The Source by Brian Lumley

But all of that lead down there. And these poisoned heights, a little more than mildly radioactive. And that Thing filmed by the AWACS as it did battle with the USAF jet fighters. Simonov couldn’t suppress a small shudder, which this time wasn’t due to the intense cold. He folded his nite-lites into a flat, leather-cased shape which he slipped inside his anorak with the strap still round his neck. Then for a moment longer he just lay there, his eyes staring into the enigmatic gulf below, his mind superimposing on the darkness the sequence of events he’d witnessed in London, recorded on that flickering AWACS film …

But even remembering it, he cringed away from it. Bad enough that he still occasionally saw it in his dreams! But could that . . . that . . . whatever it had been, could it really have come from here? A monstrous mutation? A gigantic, hideous warrior clone conjured in some crazed geneticist’s incredible experiment? A ‘biological’ weapon outside all of man’s previous experience and understanding? That was what he was here to find out. Or rather, it was what he was here to prove conclusively: that indeed this was where that Thing had been born – or made. That seething, pulsing, writhing –

Snow crunched softly, compacted by a stealthy footfall!

Simonov thrust himself to his feet, turning as he rose, and saw a head and staring eyes outlined briefly above the low jumble of rocks. His automatic was in his hand as he launched himself into a dive to the left of the boulders, his right arm outstretched, ready to target his weapon. A man in a pure white parka was crouched behind the boulders, with a gun in his hand which he even now lifted to point at Simonov. In the instant before Simonov came down on his side in the snow he snapped off two shots; the first one struck the man in the shoulder, snatching him upright, and the second slammed into his chest, flinging him backwards and down onto the patchy snow.
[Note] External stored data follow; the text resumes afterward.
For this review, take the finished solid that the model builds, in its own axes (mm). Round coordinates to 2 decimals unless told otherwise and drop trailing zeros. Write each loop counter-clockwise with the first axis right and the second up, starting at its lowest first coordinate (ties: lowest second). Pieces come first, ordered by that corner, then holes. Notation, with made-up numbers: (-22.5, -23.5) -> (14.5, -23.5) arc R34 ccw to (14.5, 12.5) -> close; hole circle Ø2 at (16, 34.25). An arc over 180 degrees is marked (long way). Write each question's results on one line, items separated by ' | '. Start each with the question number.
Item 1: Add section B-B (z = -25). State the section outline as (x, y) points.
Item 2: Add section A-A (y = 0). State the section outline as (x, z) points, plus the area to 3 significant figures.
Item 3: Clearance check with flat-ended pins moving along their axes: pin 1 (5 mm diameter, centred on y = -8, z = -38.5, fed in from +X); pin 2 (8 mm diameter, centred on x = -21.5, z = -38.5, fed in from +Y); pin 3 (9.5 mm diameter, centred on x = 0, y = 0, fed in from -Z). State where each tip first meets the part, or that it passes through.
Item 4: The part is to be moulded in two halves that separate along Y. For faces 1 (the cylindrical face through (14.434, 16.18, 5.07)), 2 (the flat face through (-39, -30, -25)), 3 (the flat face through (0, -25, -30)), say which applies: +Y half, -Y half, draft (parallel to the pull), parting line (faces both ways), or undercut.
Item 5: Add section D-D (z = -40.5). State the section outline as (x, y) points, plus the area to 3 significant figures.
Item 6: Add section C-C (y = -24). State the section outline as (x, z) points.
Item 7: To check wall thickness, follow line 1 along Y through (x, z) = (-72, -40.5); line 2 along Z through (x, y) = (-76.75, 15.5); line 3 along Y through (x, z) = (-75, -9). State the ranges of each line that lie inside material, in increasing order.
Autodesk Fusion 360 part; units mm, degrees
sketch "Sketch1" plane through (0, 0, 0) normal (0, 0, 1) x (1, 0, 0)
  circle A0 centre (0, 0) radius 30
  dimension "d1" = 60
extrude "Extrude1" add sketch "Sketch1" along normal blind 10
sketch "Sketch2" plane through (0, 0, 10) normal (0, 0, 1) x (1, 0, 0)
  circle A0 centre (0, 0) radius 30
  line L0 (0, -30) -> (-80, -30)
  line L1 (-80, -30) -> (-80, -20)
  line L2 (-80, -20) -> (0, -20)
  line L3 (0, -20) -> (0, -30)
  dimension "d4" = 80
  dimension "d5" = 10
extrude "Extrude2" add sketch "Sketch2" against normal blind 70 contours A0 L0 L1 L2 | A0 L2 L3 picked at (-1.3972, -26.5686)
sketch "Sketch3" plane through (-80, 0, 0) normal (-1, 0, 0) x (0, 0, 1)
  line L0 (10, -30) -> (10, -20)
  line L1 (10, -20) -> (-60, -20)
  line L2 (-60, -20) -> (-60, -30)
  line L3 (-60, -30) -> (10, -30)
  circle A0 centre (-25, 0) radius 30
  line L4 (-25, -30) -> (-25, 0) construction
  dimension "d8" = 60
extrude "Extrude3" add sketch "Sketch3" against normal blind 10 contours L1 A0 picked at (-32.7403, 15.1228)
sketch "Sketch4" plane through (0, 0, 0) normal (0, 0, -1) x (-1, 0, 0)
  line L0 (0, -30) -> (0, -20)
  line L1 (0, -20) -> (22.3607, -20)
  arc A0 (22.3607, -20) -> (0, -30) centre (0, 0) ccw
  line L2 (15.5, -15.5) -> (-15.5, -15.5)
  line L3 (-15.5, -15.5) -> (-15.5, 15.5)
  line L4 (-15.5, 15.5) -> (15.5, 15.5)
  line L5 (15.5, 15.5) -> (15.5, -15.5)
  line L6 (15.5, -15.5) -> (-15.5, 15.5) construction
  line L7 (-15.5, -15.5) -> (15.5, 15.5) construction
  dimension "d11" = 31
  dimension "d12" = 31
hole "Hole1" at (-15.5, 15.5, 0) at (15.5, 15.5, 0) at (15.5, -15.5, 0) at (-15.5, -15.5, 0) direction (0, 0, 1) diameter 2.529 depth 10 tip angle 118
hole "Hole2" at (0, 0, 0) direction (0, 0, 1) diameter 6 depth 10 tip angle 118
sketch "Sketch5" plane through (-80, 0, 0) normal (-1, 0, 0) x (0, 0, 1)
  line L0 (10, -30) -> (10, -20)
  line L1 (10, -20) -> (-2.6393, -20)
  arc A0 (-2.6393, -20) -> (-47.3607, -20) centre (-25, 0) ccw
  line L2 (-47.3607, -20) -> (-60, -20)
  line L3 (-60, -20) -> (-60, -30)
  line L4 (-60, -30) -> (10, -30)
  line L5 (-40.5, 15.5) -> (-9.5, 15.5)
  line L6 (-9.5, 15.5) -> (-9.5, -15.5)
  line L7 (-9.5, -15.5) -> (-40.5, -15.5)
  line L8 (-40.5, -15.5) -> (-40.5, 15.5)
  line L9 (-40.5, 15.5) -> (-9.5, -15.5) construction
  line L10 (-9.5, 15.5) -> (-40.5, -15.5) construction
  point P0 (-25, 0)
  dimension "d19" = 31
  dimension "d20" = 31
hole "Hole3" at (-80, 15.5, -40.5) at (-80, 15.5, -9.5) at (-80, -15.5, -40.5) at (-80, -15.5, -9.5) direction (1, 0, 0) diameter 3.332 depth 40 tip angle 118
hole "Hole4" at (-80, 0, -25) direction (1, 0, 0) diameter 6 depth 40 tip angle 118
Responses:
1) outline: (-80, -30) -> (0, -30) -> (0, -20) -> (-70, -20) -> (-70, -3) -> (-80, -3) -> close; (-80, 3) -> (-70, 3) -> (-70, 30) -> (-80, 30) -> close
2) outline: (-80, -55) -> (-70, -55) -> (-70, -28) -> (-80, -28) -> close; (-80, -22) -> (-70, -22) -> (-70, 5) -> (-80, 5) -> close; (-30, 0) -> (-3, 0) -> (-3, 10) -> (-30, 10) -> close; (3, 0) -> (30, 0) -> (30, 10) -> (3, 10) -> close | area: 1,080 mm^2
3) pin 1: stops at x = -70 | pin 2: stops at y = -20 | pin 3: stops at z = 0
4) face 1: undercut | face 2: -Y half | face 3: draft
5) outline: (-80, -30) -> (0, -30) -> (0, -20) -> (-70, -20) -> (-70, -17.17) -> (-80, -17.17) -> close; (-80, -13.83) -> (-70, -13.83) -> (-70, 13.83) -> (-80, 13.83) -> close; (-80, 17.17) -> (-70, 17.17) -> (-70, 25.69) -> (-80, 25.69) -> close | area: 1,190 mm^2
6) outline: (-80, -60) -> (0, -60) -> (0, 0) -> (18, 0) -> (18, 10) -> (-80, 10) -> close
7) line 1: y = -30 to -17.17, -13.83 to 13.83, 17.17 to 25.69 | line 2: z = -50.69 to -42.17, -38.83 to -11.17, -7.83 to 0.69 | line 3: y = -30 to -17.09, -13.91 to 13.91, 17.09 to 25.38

The dull phut, phut, of Simonov’s silenced weapon had caused no echoes, but he’d scarcely caught his breath when there came a hoarse, gasping grunt from close at hand and silver glinted in a sudden flood of moonlight. The snow on Simonov’s left-hand side, not eighteen inches away, erupted in a spray of frantic activity. ‘Bastard!’ a voice snarled in Russian as a massive hand reached out to grasp Simonov’s hair and an ice-axe came arcing down, its spike impaling his gun-hand through the wrist and almost nailing it to the stony ground.

The Russian had been lying in a snow-filled depression, waiting. Now he sprawled forward, trying to hurl his bulk on top of Simonov. The agent saw a dark face, a white bar of snarling teeth framed in a beard and a ruff of white fur, and drove his left elbow into it with as much force as he could muster. Teeth and bone crunched and the Russian gave a gurgling shriek, but he didn’t release his grip on Simonov’s hair. Then, cursing through blood and snot, the massive Soviet drew back his ice-axe for a second swipe.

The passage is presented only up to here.